(WORK REQUIRED) Among the entries below, find the lines holding "ezdxf" and copy them.
═════ EXERCISE INPUTS
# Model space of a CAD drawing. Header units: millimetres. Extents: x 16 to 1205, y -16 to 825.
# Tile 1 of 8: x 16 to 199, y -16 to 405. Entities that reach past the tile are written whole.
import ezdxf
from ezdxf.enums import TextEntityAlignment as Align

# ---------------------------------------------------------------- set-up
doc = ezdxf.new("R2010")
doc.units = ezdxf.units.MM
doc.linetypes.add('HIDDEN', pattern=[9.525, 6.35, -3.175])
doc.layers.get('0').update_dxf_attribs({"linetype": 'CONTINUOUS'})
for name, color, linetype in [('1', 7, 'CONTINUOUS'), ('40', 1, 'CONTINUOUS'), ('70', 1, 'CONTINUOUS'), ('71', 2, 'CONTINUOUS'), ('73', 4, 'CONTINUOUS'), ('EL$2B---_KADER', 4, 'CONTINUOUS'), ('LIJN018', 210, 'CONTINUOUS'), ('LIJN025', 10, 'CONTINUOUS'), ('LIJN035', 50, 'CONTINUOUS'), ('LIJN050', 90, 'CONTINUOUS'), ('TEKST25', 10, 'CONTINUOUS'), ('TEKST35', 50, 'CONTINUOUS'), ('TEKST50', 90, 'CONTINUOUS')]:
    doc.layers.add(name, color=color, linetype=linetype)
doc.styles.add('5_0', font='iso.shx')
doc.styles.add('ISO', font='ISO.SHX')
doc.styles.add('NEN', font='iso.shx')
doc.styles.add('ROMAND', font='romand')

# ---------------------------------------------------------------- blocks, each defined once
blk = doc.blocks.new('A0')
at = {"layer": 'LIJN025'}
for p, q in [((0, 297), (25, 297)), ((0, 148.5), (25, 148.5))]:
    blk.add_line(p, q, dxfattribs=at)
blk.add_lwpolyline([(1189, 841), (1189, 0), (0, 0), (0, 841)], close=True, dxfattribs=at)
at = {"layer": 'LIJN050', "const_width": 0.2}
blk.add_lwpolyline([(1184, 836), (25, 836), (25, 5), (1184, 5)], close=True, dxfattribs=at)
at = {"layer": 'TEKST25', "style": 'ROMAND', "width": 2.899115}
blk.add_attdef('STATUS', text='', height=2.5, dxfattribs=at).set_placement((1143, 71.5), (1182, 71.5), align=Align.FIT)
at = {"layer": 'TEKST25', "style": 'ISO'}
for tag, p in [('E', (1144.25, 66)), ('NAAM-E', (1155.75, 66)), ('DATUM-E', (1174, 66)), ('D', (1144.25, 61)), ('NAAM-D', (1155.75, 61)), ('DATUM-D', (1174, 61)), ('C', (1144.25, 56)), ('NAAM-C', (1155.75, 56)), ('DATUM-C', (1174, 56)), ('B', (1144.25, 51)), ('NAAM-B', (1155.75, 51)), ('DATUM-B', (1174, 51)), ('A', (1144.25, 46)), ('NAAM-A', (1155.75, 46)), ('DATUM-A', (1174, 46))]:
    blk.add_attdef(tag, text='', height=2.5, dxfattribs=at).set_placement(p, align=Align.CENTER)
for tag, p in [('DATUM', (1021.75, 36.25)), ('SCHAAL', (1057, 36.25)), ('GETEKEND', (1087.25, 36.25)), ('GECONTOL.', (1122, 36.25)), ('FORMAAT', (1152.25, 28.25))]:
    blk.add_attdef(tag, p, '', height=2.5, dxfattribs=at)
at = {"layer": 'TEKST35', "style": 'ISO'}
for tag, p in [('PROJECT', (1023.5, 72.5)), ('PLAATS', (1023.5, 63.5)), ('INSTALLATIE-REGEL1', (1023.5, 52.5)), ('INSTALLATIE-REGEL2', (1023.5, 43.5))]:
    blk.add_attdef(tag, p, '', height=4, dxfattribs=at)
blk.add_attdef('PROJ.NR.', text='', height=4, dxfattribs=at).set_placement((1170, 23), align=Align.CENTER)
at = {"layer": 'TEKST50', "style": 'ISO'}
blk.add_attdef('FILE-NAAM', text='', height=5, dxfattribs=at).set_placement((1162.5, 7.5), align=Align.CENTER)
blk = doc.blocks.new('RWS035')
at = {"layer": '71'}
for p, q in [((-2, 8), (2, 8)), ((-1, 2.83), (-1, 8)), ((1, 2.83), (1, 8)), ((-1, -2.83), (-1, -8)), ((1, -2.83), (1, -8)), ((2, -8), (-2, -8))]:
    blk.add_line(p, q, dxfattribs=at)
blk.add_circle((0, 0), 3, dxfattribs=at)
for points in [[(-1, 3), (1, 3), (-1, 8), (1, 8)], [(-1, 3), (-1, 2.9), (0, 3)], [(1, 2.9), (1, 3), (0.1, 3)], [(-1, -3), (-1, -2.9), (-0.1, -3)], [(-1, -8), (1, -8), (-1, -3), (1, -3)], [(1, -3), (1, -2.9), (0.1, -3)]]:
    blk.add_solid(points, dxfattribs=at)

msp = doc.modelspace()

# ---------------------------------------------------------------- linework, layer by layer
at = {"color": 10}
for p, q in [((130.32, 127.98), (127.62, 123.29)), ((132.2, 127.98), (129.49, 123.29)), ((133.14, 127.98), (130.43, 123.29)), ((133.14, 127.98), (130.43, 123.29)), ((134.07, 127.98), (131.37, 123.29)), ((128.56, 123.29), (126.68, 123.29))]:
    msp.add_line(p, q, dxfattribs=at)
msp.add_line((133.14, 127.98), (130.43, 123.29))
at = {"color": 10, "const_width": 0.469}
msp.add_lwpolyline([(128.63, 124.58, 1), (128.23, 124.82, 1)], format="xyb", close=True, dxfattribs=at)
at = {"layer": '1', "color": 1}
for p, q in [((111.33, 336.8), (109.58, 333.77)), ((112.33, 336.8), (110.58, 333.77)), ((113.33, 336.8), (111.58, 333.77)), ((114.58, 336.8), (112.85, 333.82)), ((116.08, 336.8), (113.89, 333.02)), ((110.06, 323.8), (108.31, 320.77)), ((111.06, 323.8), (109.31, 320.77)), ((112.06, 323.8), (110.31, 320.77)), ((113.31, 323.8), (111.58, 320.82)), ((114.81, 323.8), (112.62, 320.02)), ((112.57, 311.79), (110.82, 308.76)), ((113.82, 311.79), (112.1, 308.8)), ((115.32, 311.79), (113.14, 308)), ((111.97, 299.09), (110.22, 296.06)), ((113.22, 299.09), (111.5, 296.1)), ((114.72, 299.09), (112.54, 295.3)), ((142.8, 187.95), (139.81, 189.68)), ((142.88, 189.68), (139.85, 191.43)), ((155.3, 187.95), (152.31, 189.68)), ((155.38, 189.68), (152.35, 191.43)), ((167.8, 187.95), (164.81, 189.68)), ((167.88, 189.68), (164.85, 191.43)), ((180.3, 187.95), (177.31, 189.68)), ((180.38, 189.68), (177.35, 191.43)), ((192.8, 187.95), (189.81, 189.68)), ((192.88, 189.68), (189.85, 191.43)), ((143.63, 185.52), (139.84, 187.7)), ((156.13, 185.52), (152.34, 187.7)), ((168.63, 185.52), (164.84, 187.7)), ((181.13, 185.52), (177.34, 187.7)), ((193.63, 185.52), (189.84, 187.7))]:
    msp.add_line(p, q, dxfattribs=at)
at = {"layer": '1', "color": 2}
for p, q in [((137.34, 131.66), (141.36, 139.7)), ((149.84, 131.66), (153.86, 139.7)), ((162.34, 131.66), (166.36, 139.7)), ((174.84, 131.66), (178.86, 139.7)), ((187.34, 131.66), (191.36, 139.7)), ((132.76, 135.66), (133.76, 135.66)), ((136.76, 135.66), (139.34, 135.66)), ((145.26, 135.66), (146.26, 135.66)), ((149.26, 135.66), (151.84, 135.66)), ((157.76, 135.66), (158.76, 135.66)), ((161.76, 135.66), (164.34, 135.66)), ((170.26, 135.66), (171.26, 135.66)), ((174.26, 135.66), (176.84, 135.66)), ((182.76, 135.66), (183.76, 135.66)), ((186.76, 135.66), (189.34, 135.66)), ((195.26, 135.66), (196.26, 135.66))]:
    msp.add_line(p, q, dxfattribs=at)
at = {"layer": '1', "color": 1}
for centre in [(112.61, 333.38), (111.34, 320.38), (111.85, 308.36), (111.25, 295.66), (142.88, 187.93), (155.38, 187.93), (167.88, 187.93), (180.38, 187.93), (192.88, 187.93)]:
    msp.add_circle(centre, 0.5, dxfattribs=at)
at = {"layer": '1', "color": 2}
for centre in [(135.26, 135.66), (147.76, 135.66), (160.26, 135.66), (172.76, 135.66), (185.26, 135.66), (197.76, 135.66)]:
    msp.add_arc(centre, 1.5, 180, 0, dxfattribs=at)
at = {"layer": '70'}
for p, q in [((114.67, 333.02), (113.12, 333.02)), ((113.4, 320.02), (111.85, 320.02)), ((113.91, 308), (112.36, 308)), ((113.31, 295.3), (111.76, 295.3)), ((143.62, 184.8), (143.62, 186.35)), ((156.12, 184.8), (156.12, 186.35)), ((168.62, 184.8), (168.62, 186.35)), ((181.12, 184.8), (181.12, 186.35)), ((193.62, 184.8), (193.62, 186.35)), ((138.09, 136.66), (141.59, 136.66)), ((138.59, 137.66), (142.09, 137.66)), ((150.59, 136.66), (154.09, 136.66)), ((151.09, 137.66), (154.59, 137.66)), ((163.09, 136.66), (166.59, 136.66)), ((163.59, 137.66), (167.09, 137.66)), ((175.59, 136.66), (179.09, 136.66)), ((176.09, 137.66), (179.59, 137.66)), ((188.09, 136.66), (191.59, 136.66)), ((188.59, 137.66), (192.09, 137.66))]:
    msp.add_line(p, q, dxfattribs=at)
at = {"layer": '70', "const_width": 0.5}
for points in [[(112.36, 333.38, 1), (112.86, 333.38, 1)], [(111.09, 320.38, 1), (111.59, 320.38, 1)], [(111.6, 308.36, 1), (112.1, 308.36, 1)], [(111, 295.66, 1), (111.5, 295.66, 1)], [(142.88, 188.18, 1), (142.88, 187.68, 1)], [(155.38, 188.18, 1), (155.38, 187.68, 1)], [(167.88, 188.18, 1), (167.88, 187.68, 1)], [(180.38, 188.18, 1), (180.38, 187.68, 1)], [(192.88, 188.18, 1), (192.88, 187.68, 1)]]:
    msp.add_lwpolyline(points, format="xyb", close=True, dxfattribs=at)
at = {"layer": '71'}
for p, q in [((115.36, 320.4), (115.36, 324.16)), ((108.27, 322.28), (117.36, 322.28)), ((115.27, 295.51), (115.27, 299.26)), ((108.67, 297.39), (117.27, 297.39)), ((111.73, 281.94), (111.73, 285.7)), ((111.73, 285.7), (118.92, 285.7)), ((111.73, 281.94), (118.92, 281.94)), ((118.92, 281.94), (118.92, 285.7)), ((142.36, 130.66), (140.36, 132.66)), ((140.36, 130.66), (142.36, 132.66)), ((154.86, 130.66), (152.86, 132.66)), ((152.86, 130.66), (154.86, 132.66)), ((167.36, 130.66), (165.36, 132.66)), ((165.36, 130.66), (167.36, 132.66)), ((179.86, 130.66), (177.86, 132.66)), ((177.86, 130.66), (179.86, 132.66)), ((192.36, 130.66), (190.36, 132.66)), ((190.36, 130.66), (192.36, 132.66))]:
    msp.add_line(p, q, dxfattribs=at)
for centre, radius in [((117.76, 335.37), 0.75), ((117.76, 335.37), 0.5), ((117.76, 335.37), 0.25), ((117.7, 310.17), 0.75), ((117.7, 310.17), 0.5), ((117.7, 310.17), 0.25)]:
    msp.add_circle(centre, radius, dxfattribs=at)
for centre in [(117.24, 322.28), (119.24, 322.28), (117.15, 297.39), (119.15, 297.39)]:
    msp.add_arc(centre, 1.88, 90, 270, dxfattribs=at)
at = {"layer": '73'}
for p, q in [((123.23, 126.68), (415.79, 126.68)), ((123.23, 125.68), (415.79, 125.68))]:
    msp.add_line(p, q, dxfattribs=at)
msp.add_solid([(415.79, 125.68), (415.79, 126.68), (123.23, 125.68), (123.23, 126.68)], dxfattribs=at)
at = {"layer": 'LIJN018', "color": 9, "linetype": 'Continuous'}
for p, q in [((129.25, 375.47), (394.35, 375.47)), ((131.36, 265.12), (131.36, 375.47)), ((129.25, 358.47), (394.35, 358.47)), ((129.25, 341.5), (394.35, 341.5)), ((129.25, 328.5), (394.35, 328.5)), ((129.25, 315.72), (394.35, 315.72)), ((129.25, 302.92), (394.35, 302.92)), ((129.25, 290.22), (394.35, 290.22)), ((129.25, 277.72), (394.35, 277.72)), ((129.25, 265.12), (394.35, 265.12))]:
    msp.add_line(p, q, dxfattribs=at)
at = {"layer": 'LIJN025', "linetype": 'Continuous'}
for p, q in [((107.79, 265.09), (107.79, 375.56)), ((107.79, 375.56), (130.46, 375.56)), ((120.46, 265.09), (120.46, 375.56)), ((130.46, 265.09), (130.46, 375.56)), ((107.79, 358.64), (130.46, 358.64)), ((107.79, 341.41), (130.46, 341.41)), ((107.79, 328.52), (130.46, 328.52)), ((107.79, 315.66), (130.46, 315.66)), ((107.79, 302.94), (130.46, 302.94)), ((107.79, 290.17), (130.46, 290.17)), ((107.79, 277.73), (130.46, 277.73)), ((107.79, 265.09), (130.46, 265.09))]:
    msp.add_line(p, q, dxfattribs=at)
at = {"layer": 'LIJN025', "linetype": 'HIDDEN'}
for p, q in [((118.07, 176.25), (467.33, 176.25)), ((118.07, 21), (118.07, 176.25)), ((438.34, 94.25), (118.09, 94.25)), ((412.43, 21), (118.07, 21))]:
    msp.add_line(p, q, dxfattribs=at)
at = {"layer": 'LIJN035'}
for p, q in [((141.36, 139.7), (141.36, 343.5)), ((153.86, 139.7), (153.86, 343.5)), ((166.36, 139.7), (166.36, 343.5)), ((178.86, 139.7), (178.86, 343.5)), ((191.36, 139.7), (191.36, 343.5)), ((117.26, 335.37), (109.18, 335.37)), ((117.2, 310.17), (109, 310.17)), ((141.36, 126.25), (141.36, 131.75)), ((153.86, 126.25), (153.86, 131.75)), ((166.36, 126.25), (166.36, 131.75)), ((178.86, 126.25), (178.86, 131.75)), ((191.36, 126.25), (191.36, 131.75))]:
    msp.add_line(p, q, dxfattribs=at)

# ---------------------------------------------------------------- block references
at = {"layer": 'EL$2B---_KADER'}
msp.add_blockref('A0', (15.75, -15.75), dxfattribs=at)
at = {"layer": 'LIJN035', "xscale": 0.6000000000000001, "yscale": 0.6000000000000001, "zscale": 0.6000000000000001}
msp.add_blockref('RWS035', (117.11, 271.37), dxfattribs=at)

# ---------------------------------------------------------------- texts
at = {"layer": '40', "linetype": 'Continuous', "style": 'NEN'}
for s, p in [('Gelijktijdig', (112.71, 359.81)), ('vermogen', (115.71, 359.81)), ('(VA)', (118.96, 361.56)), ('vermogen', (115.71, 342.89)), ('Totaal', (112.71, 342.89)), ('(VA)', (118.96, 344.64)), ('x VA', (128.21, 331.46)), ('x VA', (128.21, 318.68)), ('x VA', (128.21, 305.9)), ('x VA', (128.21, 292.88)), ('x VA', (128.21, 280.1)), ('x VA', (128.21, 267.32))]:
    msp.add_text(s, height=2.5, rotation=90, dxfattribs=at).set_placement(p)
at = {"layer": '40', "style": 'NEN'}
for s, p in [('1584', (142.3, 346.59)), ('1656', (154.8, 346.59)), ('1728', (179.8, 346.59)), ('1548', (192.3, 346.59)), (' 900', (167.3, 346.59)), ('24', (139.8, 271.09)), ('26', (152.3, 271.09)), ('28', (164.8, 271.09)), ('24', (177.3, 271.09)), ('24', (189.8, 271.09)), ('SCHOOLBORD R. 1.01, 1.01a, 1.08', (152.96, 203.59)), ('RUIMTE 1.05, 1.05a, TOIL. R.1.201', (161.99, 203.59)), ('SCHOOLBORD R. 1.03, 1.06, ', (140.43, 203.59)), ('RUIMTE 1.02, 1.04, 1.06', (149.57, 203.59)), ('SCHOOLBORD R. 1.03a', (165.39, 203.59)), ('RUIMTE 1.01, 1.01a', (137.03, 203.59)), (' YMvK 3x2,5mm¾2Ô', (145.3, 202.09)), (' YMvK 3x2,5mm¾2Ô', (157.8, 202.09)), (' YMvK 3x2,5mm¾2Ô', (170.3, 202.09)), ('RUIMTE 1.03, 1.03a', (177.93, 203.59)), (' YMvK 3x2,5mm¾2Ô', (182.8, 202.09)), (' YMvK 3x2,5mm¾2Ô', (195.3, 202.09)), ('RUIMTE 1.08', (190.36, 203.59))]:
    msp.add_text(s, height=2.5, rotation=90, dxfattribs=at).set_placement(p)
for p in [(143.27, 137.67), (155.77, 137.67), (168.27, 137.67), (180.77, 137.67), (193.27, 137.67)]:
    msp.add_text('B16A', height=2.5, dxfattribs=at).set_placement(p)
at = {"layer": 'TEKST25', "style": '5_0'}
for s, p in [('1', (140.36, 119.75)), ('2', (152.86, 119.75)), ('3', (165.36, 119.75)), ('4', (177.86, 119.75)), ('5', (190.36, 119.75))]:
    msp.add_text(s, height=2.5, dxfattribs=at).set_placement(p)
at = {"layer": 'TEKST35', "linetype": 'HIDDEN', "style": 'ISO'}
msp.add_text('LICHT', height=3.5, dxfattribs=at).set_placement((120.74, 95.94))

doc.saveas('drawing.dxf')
══════════
(EXERCISE OUTPUT)
import ezdxf
from ezdxf.enums import TextEntityAlignment as Align
doc = ezdxf.new("R2010")
doc.units = ezdxf.units.MM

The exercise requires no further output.